I have to say that I have often been disappointed by Dunsany's short fiction, but very much enjoyed and admired two of his novels, The King of Elfland's Daughter (which I read many, many years ago and at least once since, and based on which I kept on seeking out his work in spite of the short stories never appealing much) and The Charwoman's Shadow (which I read several years ago, and by that time was pleasantly surprised to like another of his stories so much). Based on that admittedly small sample I suspect he was best at novel length, but I've yet to put that to the test by reading another.
 
Yes, the ironist vs. mythopoeic-ist (*cough*) might be part of the equation, but I think prose style would be a larger factor. Contemporary readers would find both overblown -- look at how many young readers complain about Tolkien's wordiness -- and hard to follow.

I do infrequently like to dip into Lord Dunsany's short works, though. Since less than a handful ever planted themselves in my memory, the majority are always new no matter how many times I've read them. And I enjoy his particular brand of oblique enjoyable.
 
Lord Dunsany's books are very strange and beautiful, like Art Nouveau, but in words and sentences instead of colours. Many here have already praised The King of Elfland's Daughter, and the praise is well deserved. But I prefer The Blessing of Pan, though I can't say why.

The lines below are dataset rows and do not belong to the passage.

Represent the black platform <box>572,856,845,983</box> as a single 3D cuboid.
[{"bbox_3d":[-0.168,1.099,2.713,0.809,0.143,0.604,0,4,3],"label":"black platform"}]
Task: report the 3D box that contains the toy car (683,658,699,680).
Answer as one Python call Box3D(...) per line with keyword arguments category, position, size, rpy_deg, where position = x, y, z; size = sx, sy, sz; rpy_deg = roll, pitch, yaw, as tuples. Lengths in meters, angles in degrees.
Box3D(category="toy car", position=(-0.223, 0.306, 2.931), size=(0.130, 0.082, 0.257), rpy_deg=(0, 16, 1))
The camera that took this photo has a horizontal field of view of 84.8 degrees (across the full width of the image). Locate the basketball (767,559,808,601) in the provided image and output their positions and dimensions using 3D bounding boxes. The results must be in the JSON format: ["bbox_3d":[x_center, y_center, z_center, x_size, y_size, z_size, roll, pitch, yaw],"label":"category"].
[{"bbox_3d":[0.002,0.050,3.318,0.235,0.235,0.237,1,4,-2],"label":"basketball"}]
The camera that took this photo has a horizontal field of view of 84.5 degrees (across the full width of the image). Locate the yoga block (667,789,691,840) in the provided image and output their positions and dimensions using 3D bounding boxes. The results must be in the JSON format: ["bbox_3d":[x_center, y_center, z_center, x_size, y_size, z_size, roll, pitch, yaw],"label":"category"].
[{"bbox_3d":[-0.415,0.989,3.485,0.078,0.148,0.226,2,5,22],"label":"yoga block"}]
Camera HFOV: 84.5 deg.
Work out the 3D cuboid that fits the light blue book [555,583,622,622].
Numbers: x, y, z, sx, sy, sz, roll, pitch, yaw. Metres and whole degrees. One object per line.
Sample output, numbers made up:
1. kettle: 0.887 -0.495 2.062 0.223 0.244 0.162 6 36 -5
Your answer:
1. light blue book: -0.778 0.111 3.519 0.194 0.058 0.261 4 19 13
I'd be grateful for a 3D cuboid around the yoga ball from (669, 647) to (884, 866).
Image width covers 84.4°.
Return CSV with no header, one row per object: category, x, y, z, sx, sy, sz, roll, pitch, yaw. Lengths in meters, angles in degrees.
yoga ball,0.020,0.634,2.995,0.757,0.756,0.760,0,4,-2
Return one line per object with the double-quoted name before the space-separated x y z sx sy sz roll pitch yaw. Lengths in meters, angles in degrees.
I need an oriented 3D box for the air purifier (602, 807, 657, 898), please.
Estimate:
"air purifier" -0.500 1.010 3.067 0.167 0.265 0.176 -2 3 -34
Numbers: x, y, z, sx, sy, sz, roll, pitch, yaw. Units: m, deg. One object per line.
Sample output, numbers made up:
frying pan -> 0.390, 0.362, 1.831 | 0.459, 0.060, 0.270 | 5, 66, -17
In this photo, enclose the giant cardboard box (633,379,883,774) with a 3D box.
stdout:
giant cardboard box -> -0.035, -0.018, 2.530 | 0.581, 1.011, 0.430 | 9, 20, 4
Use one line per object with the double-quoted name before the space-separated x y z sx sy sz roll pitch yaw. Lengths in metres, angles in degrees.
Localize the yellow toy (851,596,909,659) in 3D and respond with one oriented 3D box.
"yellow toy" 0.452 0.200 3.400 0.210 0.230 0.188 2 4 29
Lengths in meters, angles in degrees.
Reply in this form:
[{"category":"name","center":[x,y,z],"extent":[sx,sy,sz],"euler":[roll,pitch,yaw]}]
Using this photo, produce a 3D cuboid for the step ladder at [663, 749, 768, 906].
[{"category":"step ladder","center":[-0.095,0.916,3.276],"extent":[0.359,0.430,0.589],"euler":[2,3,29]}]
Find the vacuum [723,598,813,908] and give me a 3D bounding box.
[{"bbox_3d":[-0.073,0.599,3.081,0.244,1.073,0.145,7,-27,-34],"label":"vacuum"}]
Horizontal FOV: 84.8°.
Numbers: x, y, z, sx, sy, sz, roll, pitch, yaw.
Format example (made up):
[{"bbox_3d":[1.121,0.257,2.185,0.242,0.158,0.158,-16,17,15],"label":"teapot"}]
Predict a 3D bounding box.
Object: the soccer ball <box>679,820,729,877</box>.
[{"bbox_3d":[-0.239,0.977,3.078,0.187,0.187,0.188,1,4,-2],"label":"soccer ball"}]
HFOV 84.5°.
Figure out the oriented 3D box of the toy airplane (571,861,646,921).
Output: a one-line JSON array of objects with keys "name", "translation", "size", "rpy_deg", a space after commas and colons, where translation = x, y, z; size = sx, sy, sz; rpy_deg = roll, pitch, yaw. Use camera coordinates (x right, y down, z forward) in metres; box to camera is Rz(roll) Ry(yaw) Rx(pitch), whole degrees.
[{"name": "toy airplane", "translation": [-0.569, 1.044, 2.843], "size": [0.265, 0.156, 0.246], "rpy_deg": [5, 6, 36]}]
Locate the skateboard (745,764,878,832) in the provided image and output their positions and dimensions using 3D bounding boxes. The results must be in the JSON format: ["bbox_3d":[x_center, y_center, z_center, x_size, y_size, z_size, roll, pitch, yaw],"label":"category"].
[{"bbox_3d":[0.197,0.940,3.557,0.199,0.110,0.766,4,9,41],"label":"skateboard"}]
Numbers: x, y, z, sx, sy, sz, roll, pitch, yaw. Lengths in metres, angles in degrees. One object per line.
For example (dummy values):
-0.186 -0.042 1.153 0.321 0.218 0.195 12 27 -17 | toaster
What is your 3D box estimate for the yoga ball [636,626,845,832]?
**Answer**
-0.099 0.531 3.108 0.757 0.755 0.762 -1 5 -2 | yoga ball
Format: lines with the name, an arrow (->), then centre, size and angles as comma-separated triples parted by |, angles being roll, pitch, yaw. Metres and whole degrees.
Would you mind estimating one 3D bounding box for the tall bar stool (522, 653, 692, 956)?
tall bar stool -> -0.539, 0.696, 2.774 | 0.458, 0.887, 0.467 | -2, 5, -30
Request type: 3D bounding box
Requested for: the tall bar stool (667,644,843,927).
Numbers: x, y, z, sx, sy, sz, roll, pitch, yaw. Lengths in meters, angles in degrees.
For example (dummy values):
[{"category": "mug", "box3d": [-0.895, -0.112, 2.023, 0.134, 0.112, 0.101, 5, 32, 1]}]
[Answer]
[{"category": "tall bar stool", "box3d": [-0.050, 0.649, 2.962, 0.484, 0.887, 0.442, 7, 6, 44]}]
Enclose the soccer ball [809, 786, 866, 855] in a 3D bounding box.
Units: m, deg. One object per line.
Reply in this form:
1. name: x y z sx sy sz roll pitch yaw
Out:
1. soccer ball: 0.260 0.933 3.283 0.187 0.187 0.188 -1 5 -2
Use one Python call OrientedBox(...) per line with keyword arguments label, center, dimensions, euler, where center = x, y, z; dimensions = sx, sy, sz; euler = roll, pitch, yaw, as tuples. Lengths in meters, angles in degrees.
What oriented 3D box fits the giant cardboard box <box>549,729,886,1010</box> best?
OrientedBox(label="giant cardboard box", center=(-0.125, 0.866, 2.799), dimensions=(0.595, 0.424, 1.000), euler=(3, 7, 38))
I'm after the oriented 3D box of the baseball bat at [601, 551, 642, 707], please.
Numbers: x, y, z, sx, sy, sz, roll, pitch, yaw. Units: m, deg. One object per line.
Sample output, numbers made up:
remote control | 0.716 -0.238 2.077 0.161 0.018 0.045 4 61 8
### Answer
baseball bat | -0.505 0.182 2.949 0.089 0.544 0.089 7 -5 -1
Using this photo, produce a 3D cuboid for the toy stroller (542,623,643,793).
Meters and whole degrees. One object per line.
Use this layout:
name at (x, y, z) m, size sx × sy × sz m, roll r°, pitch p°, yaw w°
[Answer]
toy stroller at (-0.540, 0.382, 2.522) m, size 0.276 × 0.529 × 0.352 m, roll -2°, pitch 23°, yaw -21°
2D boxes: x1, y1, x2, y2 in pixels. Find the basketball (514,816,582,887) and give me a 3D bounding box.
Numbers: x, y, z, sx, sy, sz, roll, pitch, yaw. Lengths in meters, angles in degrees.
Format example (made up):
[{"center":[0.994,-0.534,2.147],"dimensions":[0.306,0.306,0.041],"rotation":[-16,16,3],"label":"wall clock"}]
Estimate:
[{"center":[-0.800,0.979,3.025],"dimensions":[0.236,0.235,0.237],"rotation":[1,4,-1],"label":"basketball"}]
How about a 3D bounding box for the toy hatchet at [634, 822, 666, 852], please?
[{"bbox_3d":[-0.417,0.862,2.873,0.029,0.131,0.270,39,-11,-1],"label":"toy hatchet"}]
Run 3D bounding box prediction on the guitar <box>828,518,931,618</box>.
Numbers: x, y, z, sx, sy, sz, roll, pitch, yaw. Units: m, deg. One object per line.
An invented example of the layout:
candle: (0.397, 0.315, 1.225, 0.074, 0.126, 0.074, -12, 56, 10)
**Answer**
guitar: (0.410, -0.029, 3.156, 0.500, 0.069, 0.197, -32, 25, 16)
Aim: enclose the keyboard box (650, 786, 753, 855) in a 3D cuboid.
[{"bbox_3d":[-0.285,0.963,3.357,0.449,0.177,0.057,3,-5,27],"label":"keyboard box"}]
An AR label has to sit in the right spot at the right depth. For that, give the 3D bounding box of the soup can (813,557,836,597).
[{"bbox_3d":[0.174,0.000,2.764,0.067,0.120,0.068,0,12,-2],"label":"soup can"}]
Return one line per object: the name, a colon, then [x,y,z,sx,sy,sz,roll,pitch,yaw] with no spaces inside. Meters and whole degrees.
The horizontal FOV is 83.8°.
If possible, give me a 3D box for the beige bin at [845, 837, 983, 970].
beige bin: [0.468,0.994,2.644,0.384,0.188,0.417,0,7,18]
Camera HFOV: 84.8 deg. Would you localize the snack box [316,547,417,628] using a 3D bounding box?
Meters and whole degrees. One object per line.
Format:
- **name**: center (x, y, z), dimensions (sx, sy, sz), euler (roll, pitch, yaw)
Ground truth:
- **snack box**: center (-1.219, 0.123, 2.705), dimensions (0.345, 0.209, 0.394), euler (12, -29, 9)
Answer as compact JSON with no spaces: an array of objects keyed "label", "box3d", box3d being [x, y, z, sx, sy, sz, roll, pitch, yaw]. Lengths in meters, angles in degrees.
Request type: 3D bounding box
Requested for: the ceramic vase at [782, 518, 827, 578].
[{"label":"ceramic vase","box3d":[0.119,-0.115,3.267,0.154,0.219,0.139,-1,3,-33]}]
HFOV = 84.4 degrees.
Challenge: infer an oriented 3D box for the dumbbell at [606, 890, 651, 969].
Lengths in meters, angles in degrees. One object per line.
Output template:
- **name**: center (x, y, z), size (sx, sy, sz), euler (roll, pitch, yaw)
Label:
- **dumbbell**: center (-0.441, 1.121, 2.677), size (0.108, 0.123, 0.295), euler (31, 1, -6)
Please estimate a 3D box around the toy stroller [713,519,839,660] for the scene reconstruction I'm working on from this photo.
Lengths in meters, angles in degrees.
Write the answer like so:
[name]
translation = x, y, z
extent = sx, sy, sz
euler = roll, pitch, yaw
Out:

Some readers here have called Dunsany "anti-Tolkien", while others have speculated about whether or not Dunsany was an influence on Tolkien. But in my view, it was all about the fact that in the early part of the last century Britain had many outstanding writers who were creating new worlds, strange, wonderful and bizarre. There were no such books before them. They lived in the same country at the same time, but tended to leave it in their minds and settle into their own worlds, so they were somewhat similar, and so was their style of writing. You can easily find the same ideas in their books, and you don't even have to look very hard. Nature versus technological progress, the Middle Ages versus modernity (I mean their modernity, of course, which is now a hundred years old), beauty versus ugliness, and so on.
But no two people in the world - let alone in the same country at the same time - are exactly alike. So their worlds, though created by the same aspiration, are still different.